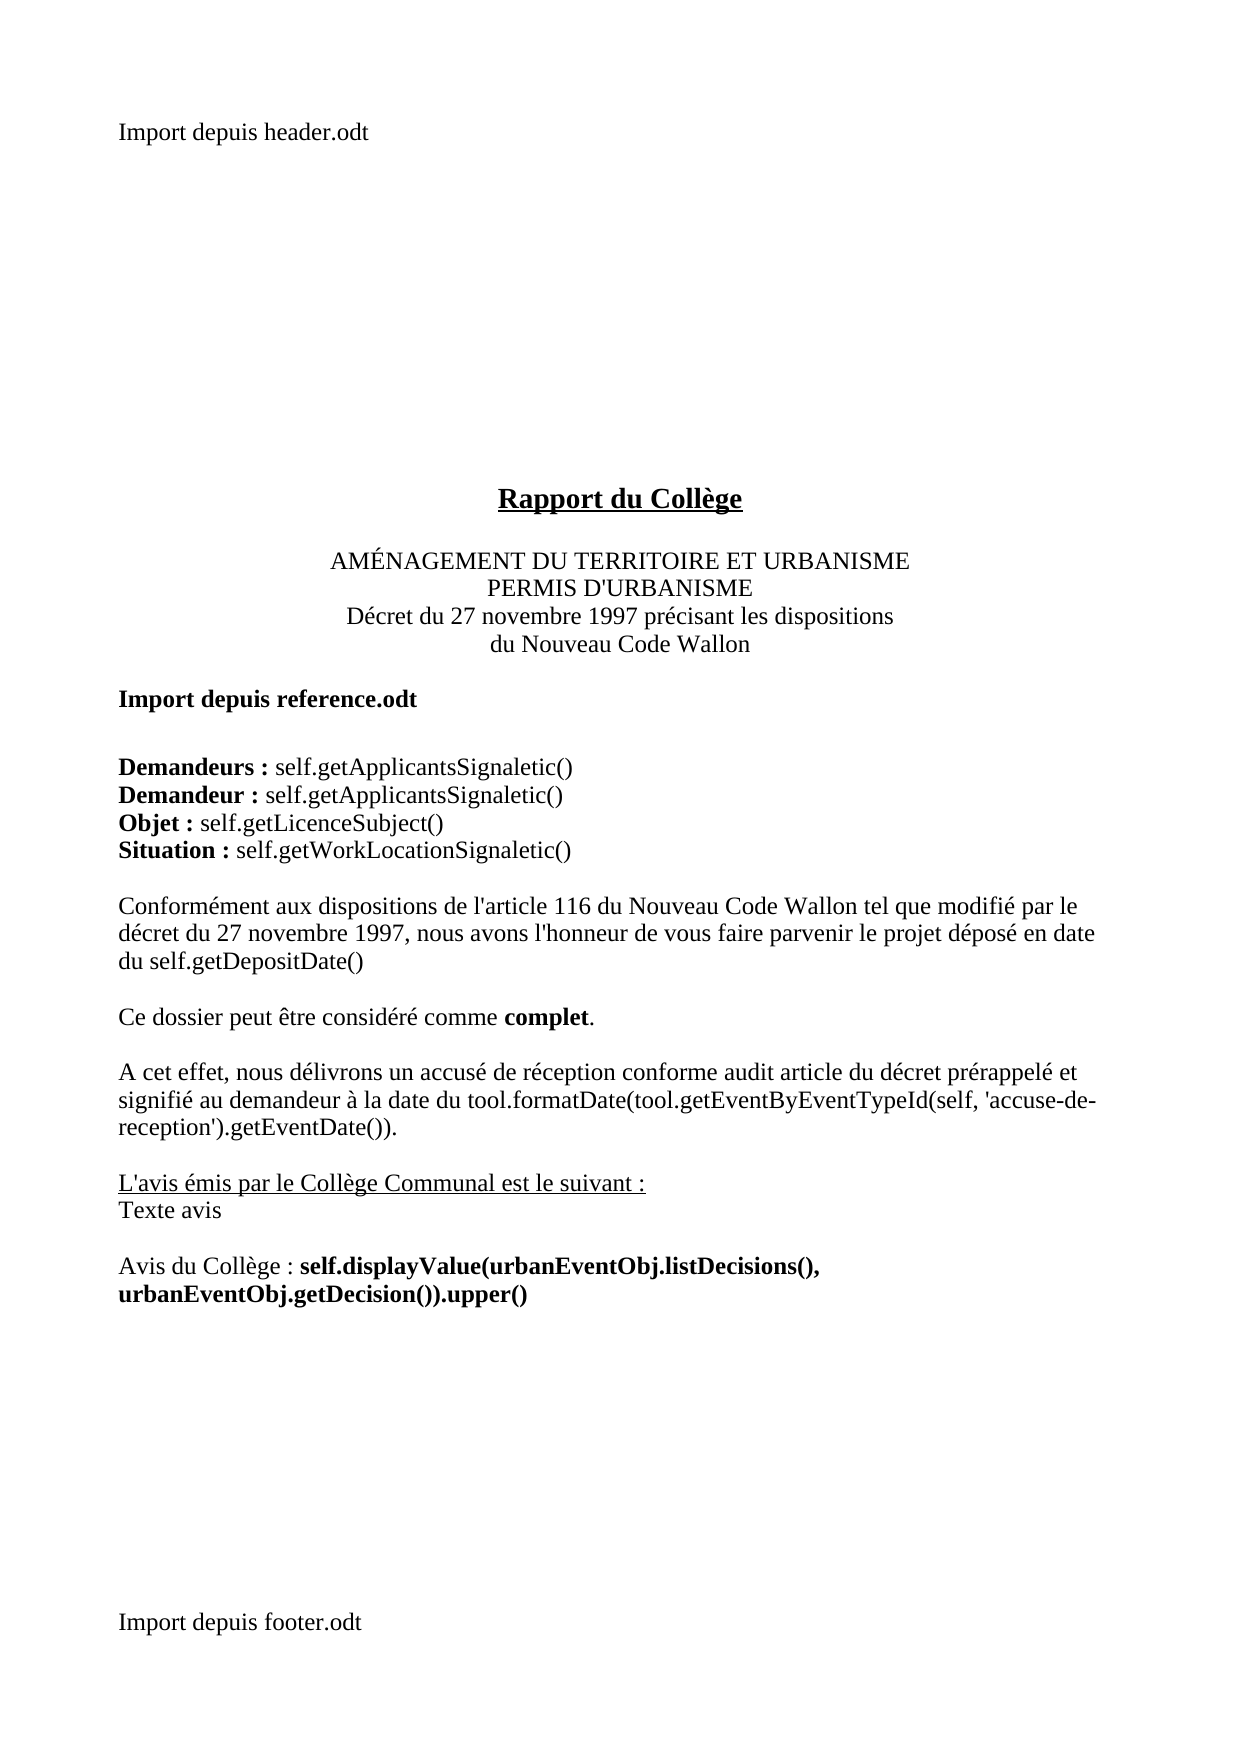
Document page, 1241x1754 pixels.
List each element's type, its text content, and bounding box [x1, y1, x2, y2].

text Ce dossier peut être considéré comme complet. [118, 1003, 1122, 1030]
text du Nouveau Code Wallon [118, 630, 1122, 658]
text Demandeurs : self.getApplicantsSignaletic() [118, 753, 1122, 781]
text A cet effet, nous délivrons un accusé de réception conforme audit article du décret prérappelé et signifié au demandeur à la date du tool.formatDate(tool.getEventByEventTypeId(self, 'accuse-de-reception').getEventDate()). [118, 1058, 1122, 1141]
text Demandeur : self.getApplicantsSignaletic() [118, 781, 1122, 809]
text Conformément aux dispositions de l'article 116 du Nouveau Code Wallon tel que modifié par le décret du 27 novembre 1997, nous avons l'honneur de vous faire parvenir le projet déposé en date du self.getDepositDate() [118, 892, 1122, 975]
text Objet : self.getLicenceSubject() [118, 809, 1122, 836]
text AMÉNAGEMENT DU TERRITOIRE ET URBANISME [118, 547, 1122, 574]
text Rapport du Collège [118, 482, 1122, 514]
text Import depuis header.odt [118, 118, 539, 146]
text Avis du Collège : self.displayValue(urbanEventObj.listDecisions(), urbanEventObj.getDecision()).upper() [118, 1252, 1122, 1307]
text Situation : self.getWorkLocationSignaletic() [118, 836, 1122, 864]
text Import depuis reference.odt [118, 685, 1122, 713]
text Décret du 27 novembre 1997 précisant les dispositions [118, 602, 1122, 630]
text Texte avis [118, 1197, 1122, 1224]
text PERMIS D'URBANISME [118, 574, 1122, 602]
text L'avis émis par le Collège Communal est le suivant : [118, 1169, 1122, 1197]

→ **REQUIREMENT**
Search the records for the string "novembre", and copy every line that holds it.

→ **EXERCISE ANSWER**
text Conformément aux dispositions de l'article 116 du Nouveau Code Wallon tel que modifié par le décret du 27 novembre 1997, nous avons l'honneur de vous faire parvenir le projet déposé en date du self.getDepositDate() [118, 892, 1122, 975]
text Décret du 27 novembre 1997 précisant les dispositions [118, 602, 1122, 630]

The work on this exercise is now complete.